NASHVILLE, Tenn. (AP) -- Ryman Hospitality Properties Inc. said Tuesday that its second-quarter profit view but results fell short of Wall Street expectations due to weaker demand and fewer savings than expected from the company's recent transition to a real estate investment trust.
The Nashville, Tenn., company, which owns properties such as Gaylord Opryland and the Grand Ole Opry, cut its outlook for the year, and shares fell 3.5 percent Tuesday.
Ryman warned investors in June that it was struggling with slower hotel bookings.
CEO Colin Reed said Tuesday that he was disappointed in the quarter, but Ryman was working to address issues as quickly as possible. This includes better tailoring its sales efforts to draw large group bookings and cutting expenses.
For the quarter ended June 30, Ryman reported net income of $11.5 million, or 18 cents per share. That is up from $9 million, or 17 cents per share, in the same quarter last year.
The company's adjusted funds from operations came to 75 cents. Funds from operations, or FFO, is considered a key operating measure for REITs.
Ryman's revenue for the quarter fell 3 percent to $245.2 million from $253.2 million. Its revenue per available room, a lodging industry metric, fell 3.9 percent to $130.37.

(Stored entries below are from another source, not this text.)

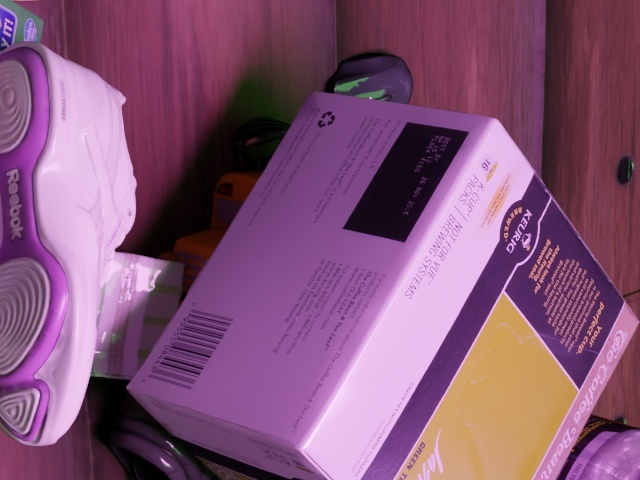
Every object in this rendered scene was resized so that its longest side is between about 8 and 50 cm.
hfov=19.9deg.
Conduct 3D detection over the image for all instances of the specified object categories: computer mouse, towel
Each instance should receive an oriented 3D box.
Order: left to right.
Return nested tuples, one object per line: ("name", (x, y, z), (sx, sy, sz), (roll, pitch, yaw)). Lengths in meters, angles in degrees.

Analysts polled by FactSet were anticipating FFO of $1.07 per share on revenue of $253.2 million.
Ryman handed over management of four of its properties Marriott International Inc. in October as part of its reorganization to become a real estate investment trust. Reed said Tuesday that this transition has not gone as smoothly as planned.
The company also said that it wasn't realizing cost benefits from its conversion to a REIT as quickly as it had anticipated.
Given its recent challenges, Ryman lowered some performance forecasts for the full year. The company now expects its funds from operations, excluding one-time items, of between $3.28 and $3.49 per share for the year, versus its prior forecast of $3.43 to $3.82 per share.
Shares dropped $1.26 to close at $35.21 Tuesday. The stock has dropped 8.5 percent this year.